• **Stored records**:
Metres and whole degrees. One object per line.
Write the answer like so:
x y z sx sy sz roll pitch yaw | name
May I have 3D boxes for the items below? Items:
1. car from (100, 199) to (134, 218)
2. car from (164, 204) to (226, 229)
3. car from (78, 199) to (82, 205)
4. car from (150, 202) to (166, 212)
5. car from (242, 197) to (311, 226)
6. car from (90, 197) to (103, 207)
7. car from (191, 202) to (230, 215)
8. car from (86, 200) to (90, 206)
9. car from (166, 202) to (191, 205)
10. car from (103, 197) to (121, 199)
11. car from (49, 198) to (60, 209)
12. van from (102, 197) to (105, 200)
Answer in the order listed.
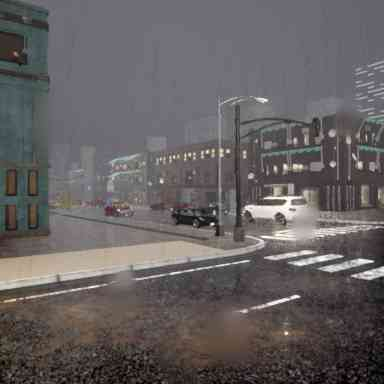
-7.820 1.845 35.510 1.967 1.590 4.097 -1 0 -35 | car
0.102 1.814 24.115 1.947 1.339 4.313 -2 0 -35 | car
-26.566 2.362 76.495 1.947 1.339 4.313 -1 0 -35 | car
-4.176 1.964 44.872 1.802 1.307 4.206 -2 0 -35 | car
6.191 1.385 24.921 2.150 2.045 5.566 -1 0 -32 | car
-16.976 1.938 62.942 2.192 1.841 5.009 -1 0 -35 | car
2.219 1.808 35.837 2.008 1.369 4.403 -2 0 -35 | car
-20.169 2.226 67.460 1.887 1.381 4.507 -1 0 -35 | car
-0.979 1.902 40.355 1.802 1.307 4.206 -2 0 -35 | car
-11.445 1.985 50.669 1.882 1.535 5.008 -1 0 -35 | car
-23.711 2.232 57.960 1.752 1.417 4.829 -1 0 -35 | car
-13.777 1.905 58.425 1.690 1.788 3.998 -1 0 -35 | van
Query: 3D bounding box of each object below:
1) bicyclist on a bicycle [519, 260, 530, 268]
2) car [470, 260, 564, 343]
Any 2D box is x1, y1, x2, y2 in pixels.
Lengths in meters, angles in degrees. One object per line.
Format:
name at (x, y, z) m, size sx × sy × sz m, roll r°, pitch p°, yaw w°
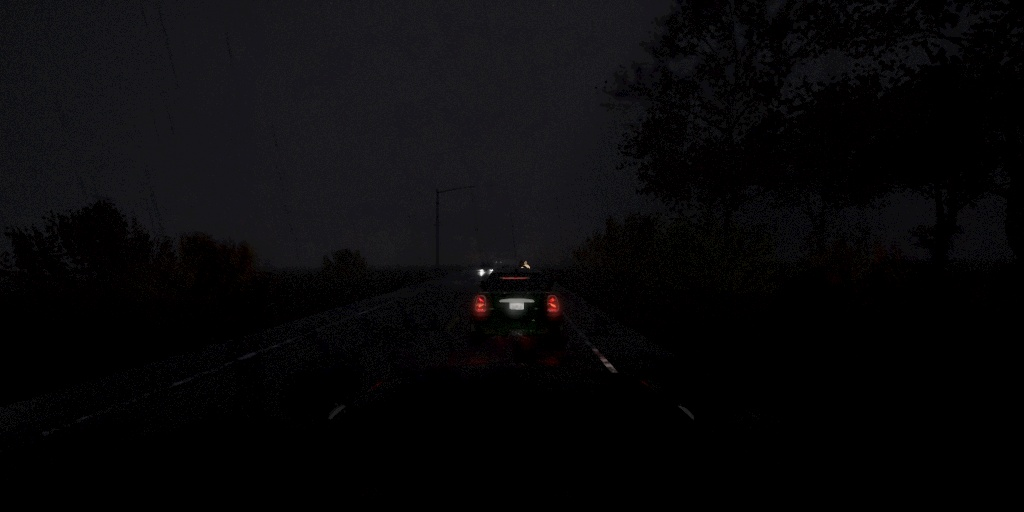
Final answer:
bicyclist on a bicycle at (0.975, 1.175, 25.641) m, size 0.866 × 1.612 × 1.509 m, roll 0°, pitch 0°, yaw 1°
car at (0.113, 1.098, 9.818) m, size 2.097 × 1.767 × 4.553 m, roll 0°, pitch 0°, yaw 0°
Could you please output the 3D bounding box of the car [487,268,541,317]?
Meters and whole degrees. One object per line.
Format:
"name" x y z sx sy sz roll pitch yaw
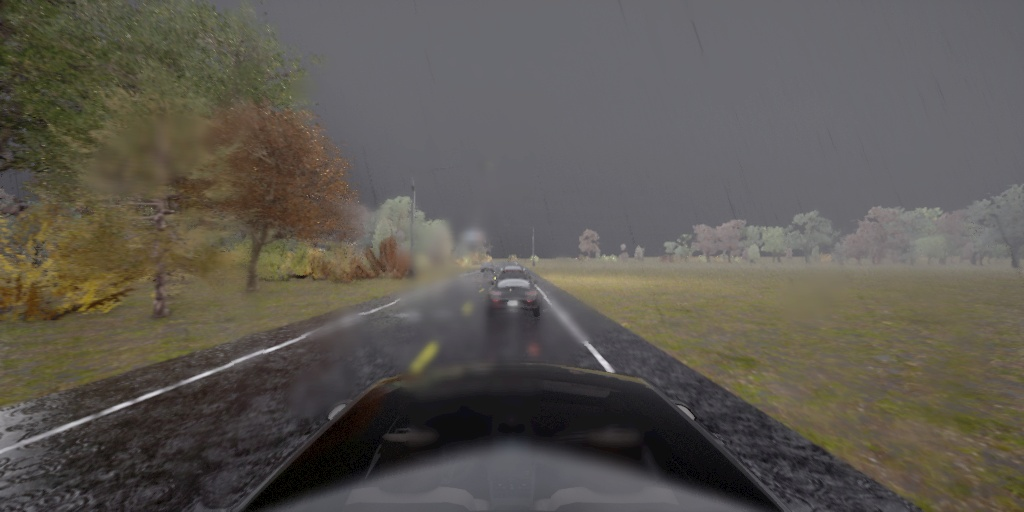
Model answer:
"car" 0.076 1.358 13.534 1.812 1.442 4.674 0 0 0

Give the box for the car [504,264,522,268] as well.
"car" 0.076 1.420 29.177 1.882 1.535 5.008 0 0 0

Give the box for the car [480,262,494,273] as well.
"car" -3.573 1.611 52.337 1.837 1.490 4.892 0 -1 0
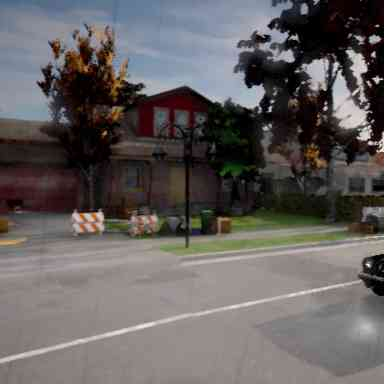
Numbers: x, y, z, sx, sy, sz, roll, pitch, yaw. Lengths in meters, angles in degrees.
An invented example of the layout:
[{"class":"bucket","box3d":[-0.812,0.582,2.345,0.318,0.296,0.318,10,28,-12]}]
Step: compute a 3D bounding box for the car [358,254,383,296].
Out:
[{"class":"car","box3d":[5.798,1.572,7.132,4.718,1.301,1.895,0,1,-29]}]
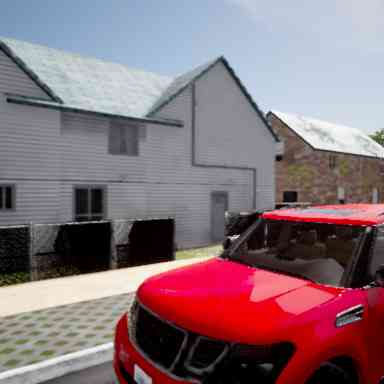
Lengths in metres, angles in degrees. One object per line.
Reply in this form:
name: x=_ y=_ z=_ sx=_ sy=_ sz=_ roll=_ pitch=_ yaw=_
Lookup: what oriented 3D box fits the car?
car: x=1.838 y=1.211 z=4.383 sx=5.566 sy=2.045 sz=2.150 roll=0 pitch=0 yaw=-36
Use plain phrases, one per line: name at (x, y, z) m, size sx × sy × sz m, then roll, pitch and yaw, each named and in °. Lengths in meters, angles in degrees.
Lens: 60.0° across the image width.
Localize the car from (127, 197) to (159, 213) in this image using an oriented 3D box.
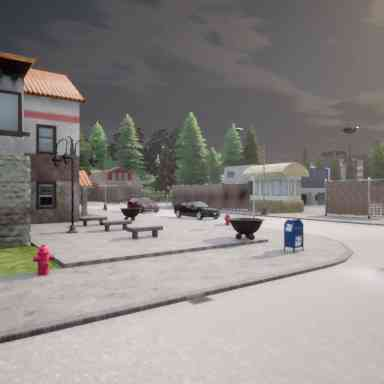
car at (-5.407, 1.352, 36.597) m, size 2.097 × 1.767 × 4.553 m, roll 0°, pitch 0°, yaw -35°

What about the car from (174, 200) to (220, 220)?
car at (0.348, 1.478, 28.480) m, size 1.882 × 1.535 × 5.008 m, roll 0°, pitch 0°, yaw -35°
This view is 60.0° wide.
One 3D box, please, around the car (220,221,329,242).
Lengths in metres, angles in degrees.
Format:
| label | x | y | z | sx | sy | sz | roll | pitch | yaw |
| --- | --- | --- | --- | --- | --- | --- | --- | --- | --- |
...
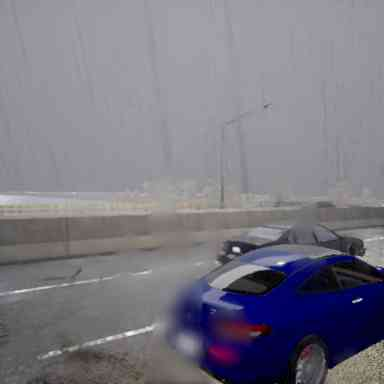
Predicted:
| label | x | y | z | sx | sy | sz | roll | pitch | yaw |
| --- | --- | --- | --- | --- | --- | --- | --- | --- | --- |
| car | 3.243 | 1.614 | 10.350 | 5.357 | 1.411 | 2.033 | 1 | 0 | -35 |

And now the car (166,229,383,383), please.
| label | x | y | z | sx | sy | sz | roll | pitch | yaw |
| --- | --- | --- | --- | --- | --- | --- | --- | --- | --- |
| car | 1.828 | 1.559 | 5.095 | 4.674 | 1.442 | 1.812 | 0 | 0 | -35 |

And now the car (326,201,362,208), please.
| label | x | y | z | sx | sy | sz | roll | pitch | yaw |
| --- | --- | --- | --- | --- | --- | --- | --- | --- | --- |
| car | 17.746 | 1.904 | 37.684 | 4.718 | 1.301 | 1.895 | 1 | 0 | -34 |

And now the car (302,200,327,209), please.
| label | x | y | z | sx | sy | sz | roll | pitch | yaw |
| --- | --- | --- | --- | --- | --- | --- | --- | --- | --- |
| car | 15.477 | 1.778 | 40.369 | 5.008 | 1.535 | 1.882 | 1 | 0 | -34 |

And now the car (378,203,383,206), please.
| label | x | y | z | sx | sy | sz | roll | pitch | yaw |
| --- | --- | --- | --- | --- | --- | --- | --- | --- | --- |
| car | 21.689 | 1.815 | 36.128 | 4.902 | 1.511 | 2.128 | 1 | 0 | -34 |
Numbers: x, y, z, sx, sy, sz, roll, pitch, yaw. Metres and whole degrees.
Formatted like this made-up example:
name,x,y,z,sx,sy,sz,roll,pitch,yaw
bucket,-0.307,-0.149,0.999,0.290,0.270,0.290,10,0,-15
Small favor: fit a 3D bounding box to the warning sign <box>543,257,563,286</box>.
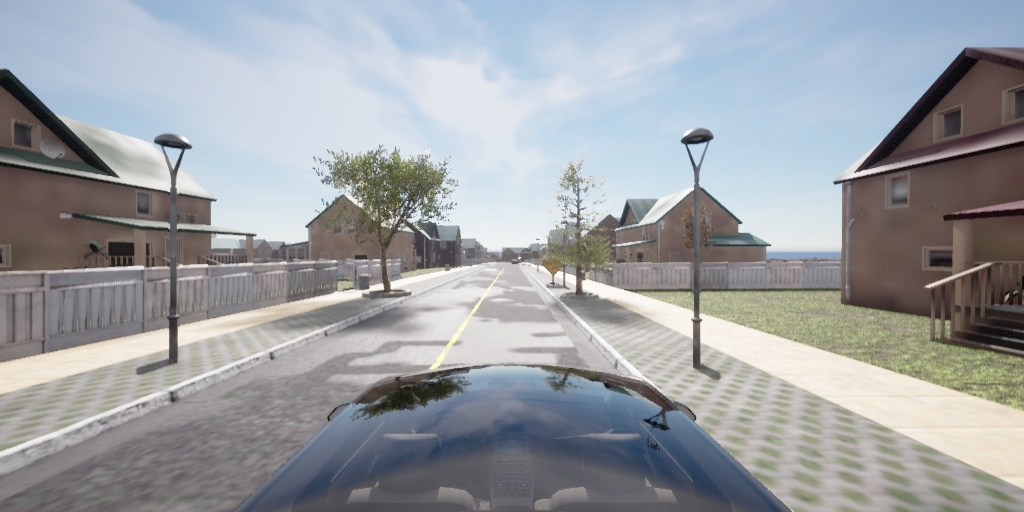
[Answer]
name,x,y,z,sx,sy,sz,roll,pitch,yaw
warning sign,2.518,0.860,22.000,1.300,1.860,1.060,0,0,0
...
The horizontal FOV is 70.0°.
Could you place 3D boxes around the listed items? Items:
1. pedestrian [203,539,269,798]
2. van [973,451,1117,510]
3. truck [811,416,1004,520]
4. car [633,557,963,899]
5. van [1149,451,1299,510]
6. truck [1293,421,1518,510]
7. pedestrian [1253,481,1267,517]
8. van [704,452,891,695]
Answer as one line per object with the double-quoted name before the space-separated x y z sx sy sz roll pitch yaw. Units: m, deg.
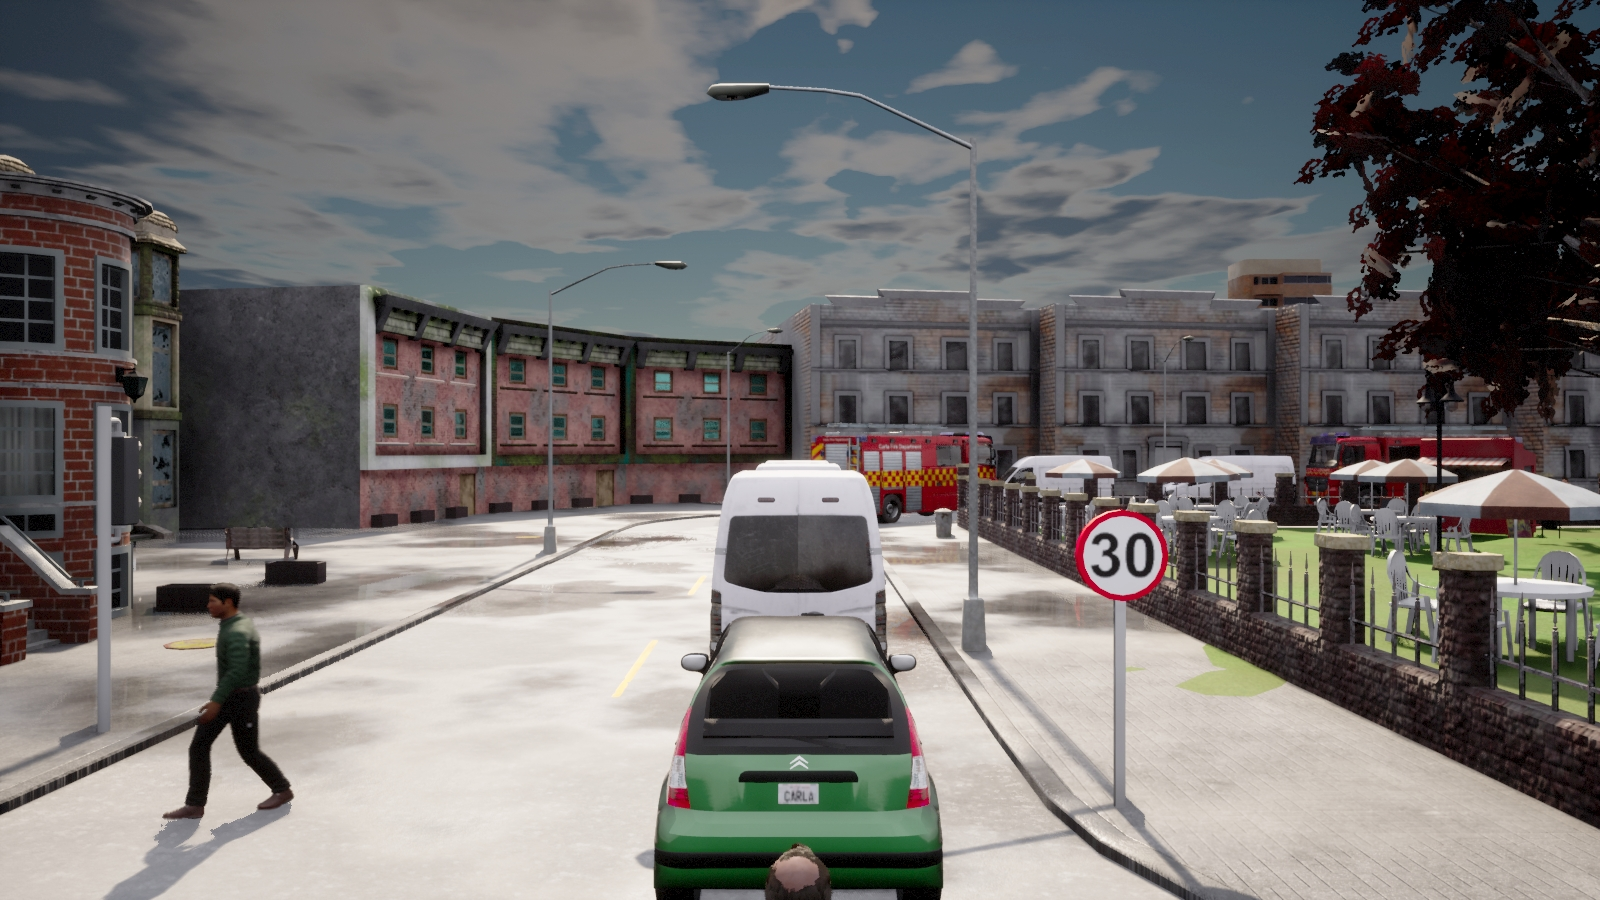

• **EXERCISE BRIEF**: Using the data above, extract exactly the lines from the one that holds "3. truck [811,416,1004,520]" to the one that holds "Answer as one", both ends included, and no others.

• **ANSWER FOR THE TASK**:
3. truck [811,416,1004,520]
4. car [633,557,963,899]
5. van [1149,451,1299,510]
6. truck [1293,421,1518,510]
7. pedestrian [1253,481,1267,517]
8. van [704,452,891,695]
Answer as one line per object with the double-quoted name before the space-separated x y z sx sy sz roll pitch yaw. Units: m, deg.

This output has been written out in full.